At the end of the day, whether you’re a customer calling in for help or employee clocking off to go home… Call centers are a business and businesses exist to make money.
There are several ways that call centers can increase revenue.
• Leaner statistics. Shorter call handle times mean more calls are getting answered. More completed calls are generally better for the profit line. As a result, call center employees are incented to reduce the amount of time they spend on the phone with you; the more complex your issue the less interested they are in helping you. It is more fiscally responsible for call center employees to handle the next customer in line then it is to resolve their current customer’s reason for calling.
• Reduce overhead. Computers are expensive to fix and replace. Most call centers operate on equipment that would’ve been cutting edge a decade ago, using outdated software that can barely keep up with today’s technology, and equipment is constantly breaking. If you call anyone in customer service and they apologize because their computers are “updating” that means something is broken. None of this would be a challenge if IT departments were fully staffed. Unfortunately IT support is also an expense. Telecom, tier 1 and tier 2 support, desktop and software support, programming - call centers everywhere are intentionally short staffed in their information technology departments.
• Eliminate non-essential staff. Who is non-essential in call centers? Everyone who doesn’t take a phone call. Trainers, human resources, quality assurance, janitors, receptionists. These roles are pure expense to call centers and nothing they do makes the business money. These days, call centers operate with a skeleton crew everywhere except the call center floor.
• Remote hiring. One of the benefits of the Covid pandemic was the growth in work from home availability. Unfortunately, not everyone is good at working from home. Productivity is often lower for remote employees compared to those working on site. Supervision and accountability is also more difficult when employees are not working in the office.

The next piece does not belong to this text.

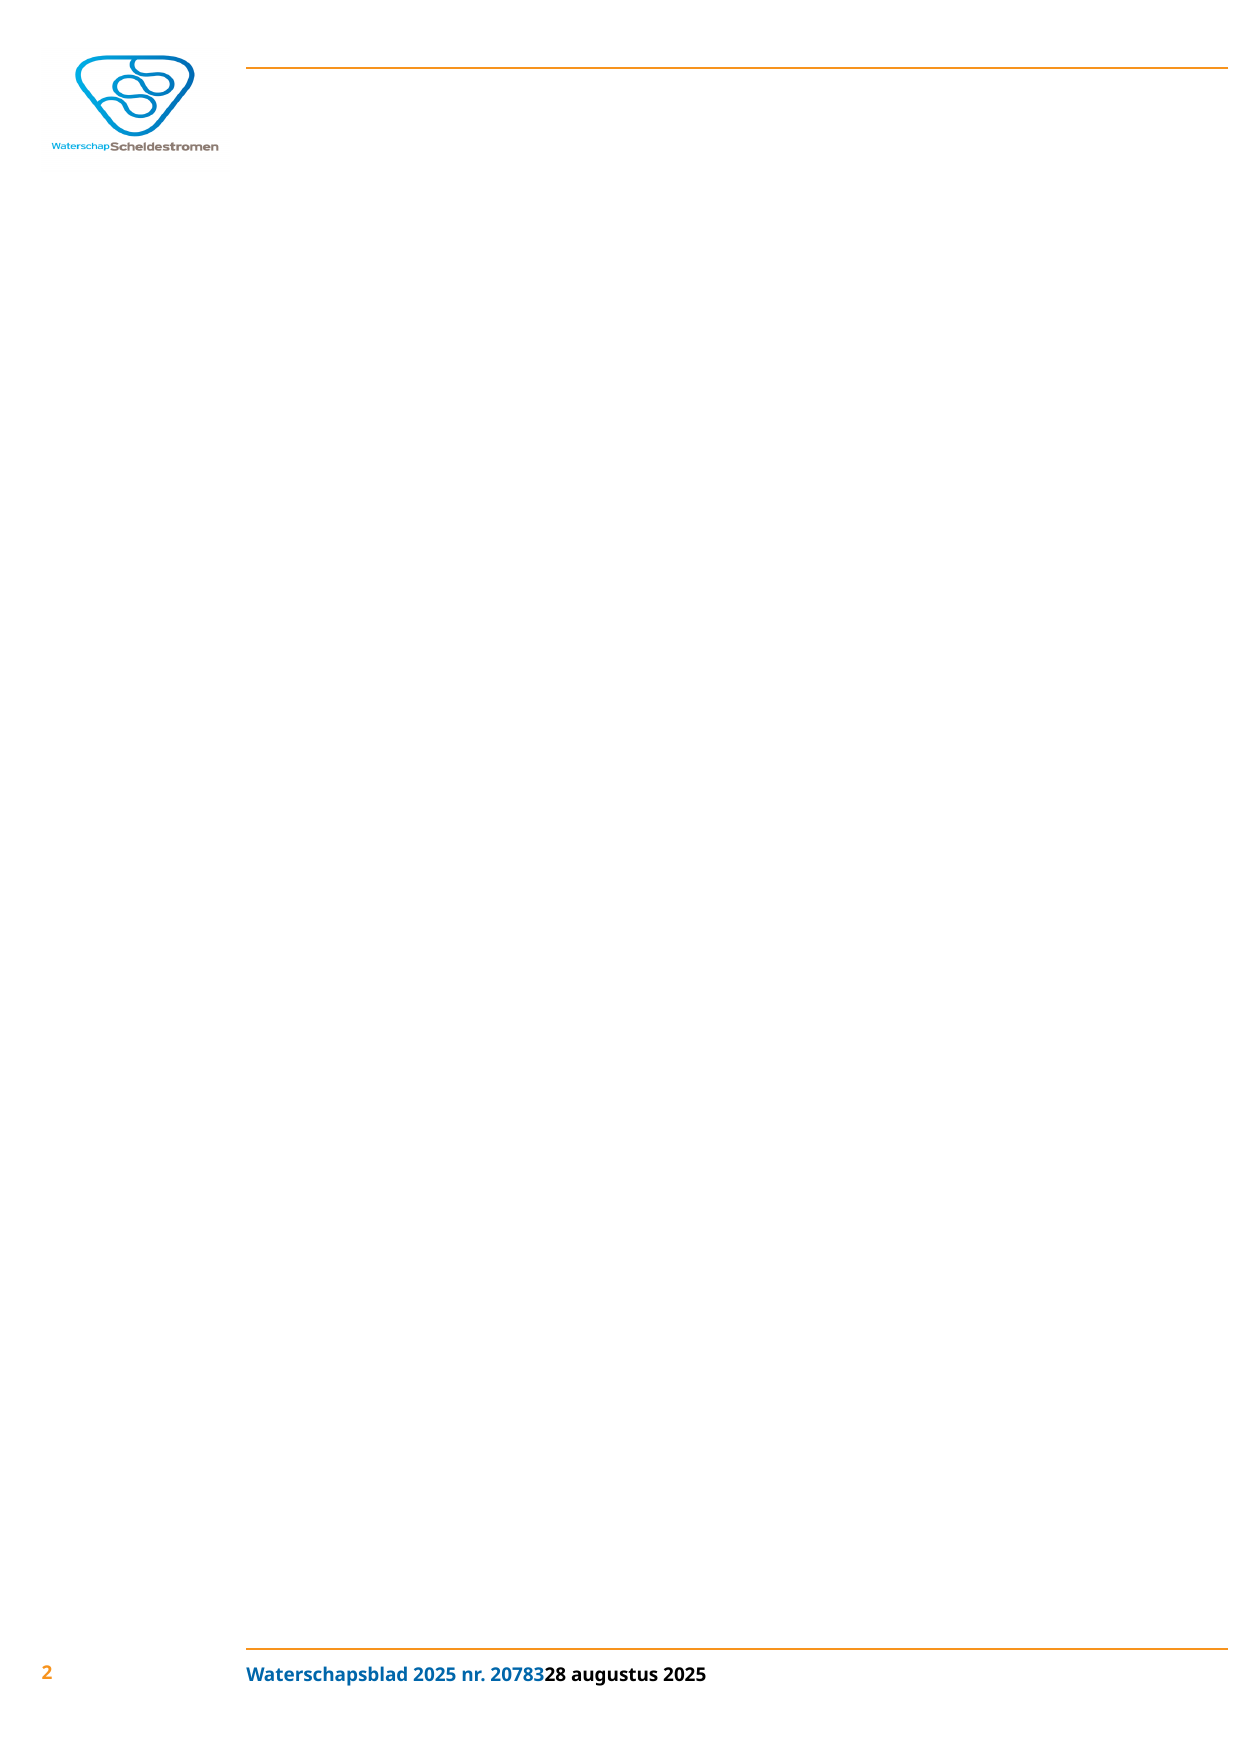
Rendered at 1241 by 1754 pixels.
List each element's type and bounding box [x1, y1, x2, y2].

picture [41, 47, 231, 172]
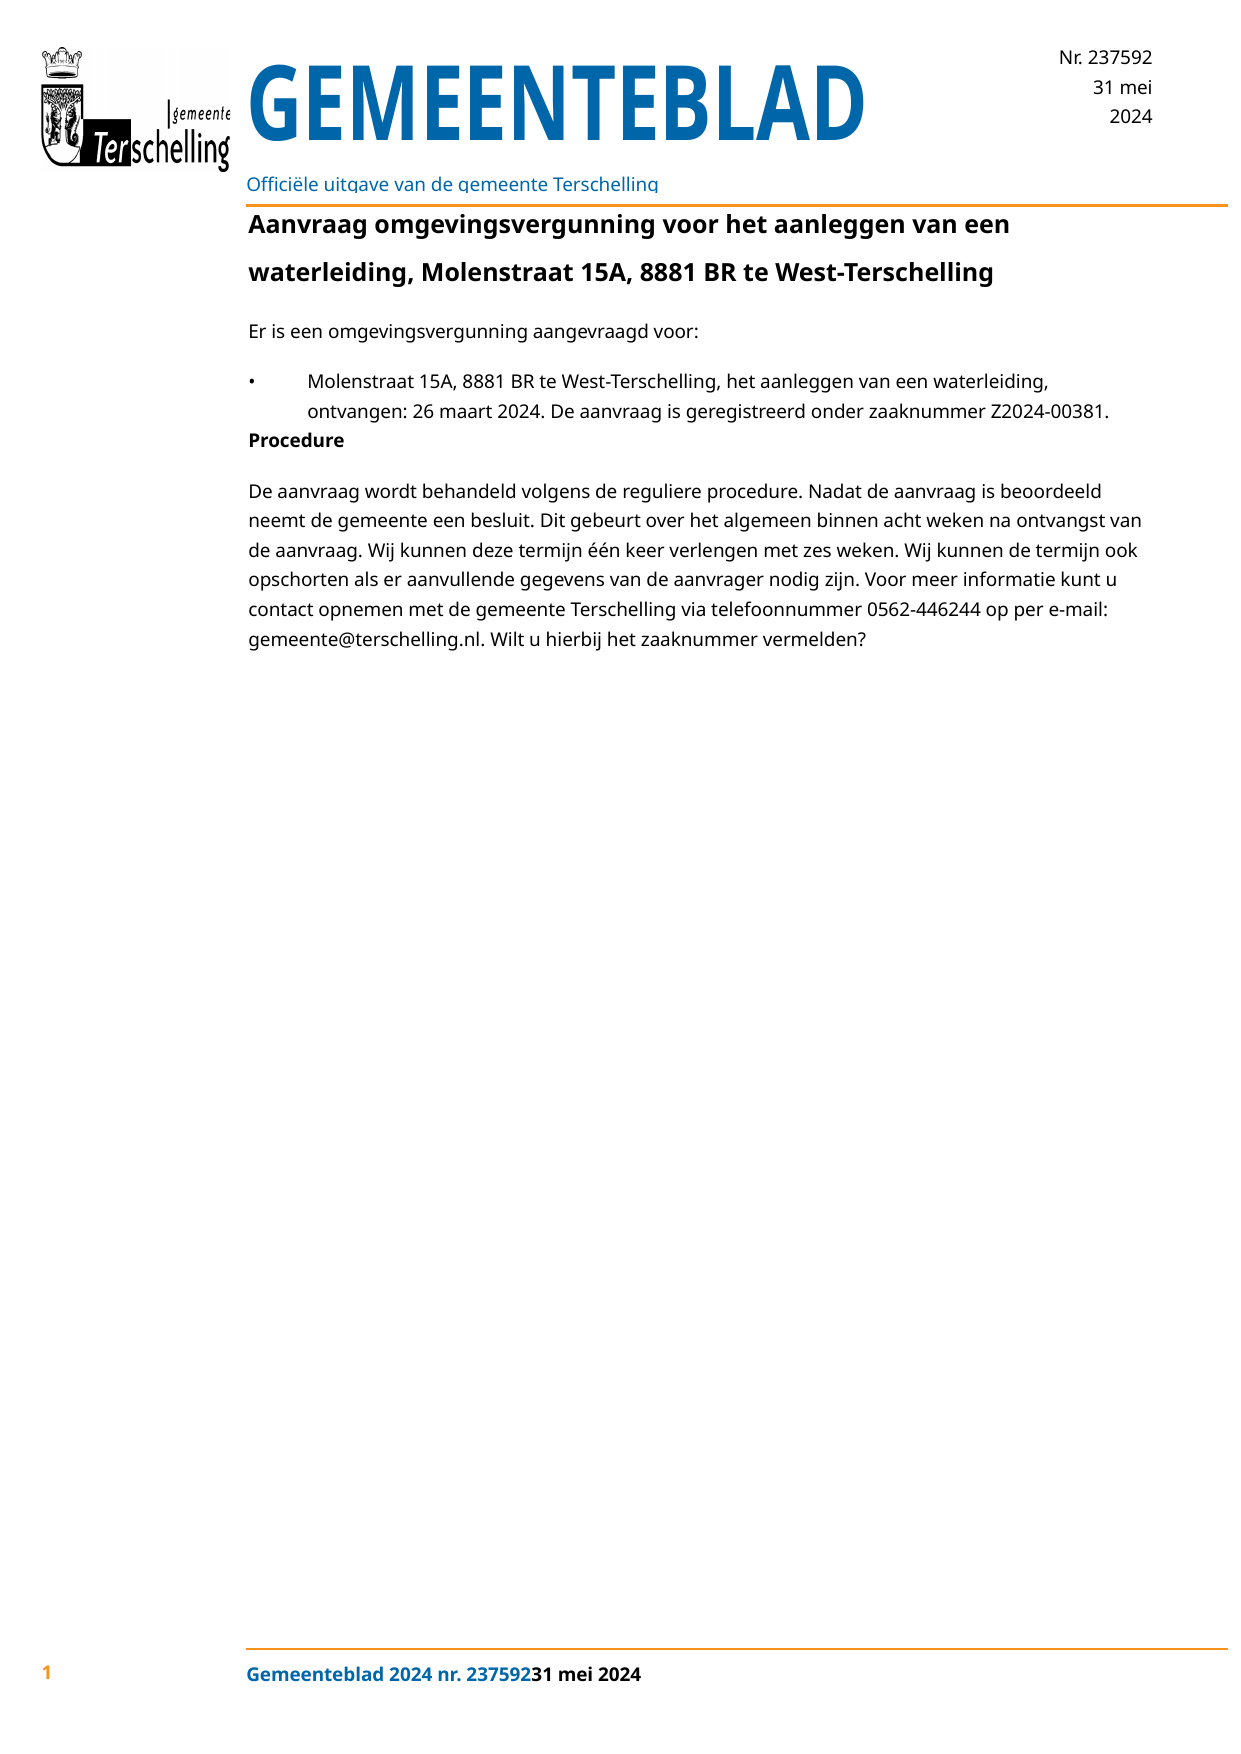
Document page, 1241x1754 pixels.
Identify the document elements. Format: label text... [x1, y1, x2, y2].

• Skimp on education. It costs money to train people. Less time spent in new hire training means it’s less expense to hire new employees. Companies are interested in getting butts in seats faster even if that means employees are less prepared to handle calls, less knowledgeable, and more prone to making mistakes.
Take these considerations then add the stress of constant belittlement from both customers and managers, all for low wage compensation. Call centers don’t pay more than they have to. But they often pay enough to trap people. That’s the idea that you’re not qualified for a better paying job but if you did get a different job, you’d probably have to take a pay cut. Somehow, I got lucky and found a better job for better pay. My former colleague found similar luck at Walmart.
Sorry this tale didn’t include anything salacious. It was rude of me to tempt you with such possibilities. Maybe next time. Still there is a lesson to be learned, a moral of the story. If you’re looking for someone to care about your circumstances, call centers are the worst possible location to find that level of concern. I assure you - they most definitely do not care about you.